Al termine della Seconda guerra mondiale, di conseguenza, nel contesto – spesso tragico, come nel caso della famiglia Terrusi qui riportato in Ritorno al Paese delle Aquile – che si avvia a dividere il mondo nell’ordine bipolare della Guerra Fredda, Enver Hoxha instaura il regime comunista da lui dominato per circa quarant’anni, che costringe gli albanesi al silenzio e alla totale chiusura verso l’esterno. Ci troviamo in assoluto dinanzi al periodo di minore intensità nelle relazioni italo-albanesi: in tal senso rapporti sono mantenuti in quegli anni soprattutto da gruppi politici italiani extra-parlamentari che vanno vantando illusorie affinità ideologiche con determinate esperienze del campo socialista, come descritto da Andrea Carteny e Giulia Giustizieri (Alle origini della lotta al revisionismo sovietico. Il sostegno albanese ai gruppi marxisti-leninisti di ispirazione maoista).
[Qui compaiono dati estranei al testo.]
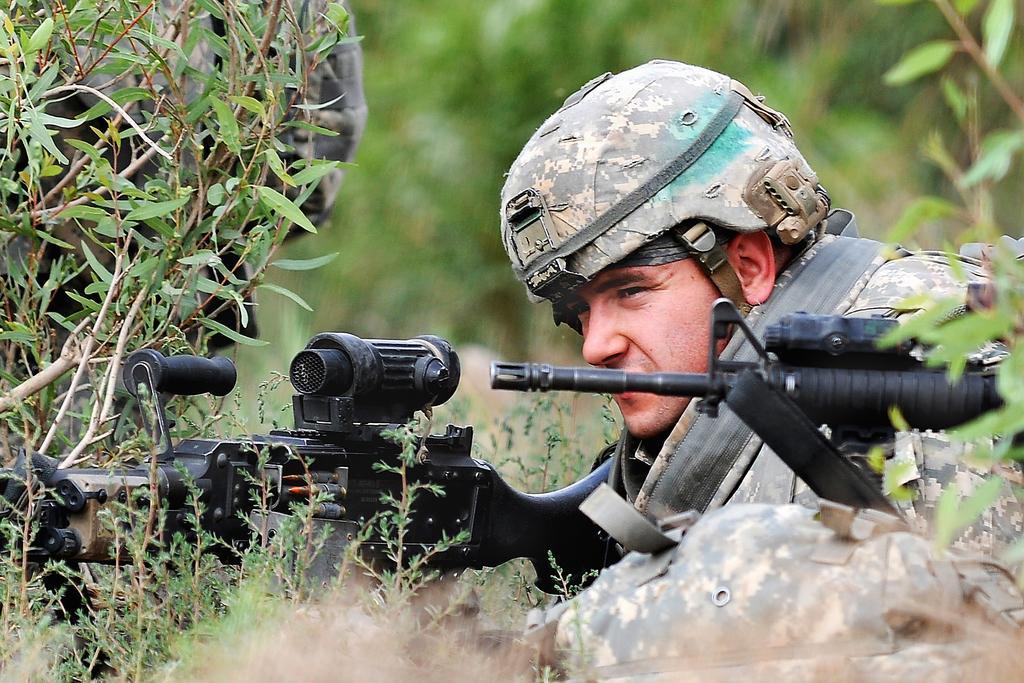Can you describe this image briefly? In this picture there is an army officer who is wearing helmet and shirt. He is holding a machine gun, beside him I can see another gun and bag. In the top left I can see the person near to the plant. In the background I can see the trees and blur image. 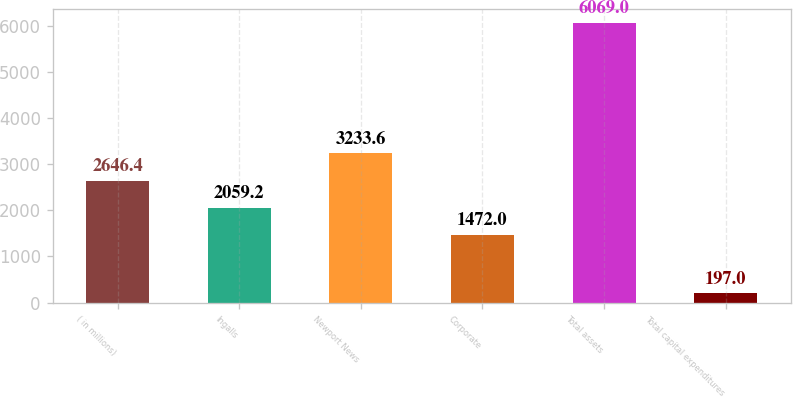<chart> <loc_0><loc_0><loc_500><loc_500><bar_chart><fcel>( in millions)<fcel>Ingalls<fcel>Newport News<fcel>Corporate<fcel>Total assets<fcel>Total capital expenditures<nl><fcel>2646.4<fcel>2059.2<fcel>3233.6<fcel>1472<fcel>6069<fcel>197<nl></chart>

Il regime albanese negli ultimi anni vive una parziale apertura con Ramiz Alia, il delfino di Hoxha, nella consapevolezza di non poter ulteriormente deteriorare i rapporti con l’Italia e con gli altri Stati nei quali si spera per una concreta cooperazione economica; ma è soprattutto con la caduta del comunismo e l’inizio delle fughe degli albanesi nelle ambasciate straniere che l’Albania si ripropone nel contesto internazionale. Tali fughe hanno avuto principalmente nell’Italia la “terra promessa”, collegandosi idealmente a quelle avvenute nell’epoca moderna e in minor parte nel corso del XIX e del XX secolo, ma dividendo al tempo stesso l’opinione pubblica italiana tra l’esser favorevole ad un’accoglienza umanitaria e la richiesta di una maggiore severità nel controllare gli ingressi. Come attesta il contributo di Franco Pittau e Antonio Ricci (Gli albanesi in Italia. Oltre vent’anni prima della tranquillità) oggi la questione dell’immigrazione

albanese in Italia sembra sulla via della definitiva soluzione e gli immigrati albanesi di un tempo risultano nella maggior parte dei casi elementi pienamente integrati nella società italiana. A sua volta l’Albania negli ultimi vent’anni è stata al centro dell’interesse economico degli imprenditori italiani in cerca di nuovi spazi e aree di investimento. Gli anni Novanta hanno dunque condotto ad una nuova e positiva era nelle relazioni italo-albanesi, riportando l’Italia – promotrice tra l’altro del’integrazione europea dei Paesi dei Balcani occidentali (si veda in merito il contributo di Emanuela C. Del Re, L’Albania nei prossimi cento anni. Una visione strategica dall’Europa) – all’inevitabile ruolo di partner strategico più importante per l’Albania, nell’ambito istituzionale, economico e sociale.